Maria Patrona Bavariae (Latin for Maria, saviour of Bavaria; German: Maria, Beschützerin Bayerns; also, Pfarrkirche St. Michael) is a Roman-catholic and the only church in Ringelai.

== History ==
The first chapel was built in the 15th century as a side church of the main one in Perlesreut, dedicated to St. Michael. A church was built in 1749 to 1752 by the plans of Severin Goldberger (1695–1758), again dedicated to St. Michael. After plans were made to found a separate parish for Ringelai in 1894, a church building association was founded in New Year's eve of 1903 and later a parish hall. A cemetery was built in 1908 and 11 years later the construction of a new and bigger church was announced. German architect Michael Kurz planned the construction in 1919, finishing on November 22, 1920. As of now, the church has a side church in Neidberg called St. Heart of Jesus, built in 1923, serving as a chapel for the retirement home in Neidberg until 1989.

== Architecture and furnishing ==
The church has a hall made of unplastered stone masonry with a stitch cap vault,. It is plastered white on the inside, the architectural structural elements, such as the vault ribs are gray. The ceiling fresco shows Christ rising from the grave.

The church is equipped with three altars in baroque shapes. They are made of black marble and are richly decorated with ornamental decorative elements made of gold-plated stucco. The altarpiece of the main altar is a colored relief with a Madonna in a halo.

Next to the cemetery, the church grounds also have a parish hall and a small choir room.

=== Bells ===
There are four bells.
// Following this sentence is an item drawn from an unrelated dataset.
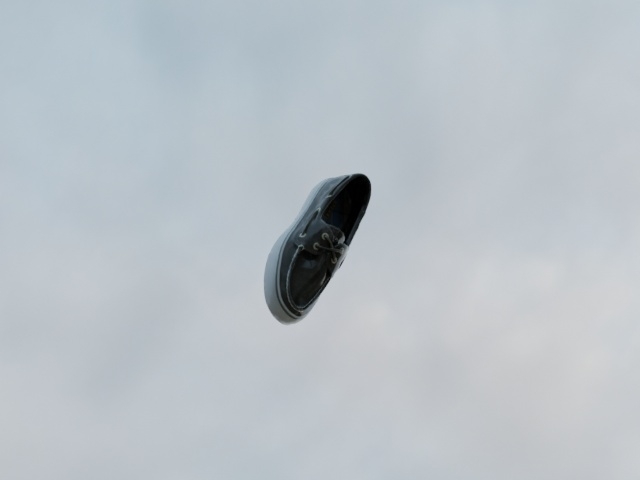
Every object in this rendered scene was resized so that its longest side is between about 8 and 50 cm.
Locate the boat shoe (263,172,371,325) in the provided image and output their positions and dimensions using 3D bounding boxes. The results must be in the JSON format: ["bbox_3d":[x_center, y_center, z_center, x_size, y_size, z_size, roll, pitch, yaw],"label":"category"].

The first bell is a bronze one from 1479, while the three other ones are from 1922 made of steel in Bochum.

== Priests ==
The first ever priest of the church was Josef Kainz from 1921 to 1937, the second one was Matthias Siglmüller from 1937 to 1941, the third Karl Scheuchenzuber from 1941 to 1948 and after him Leo Nentwich until 1953. As of 2024, the priest is Johannes Spitaler.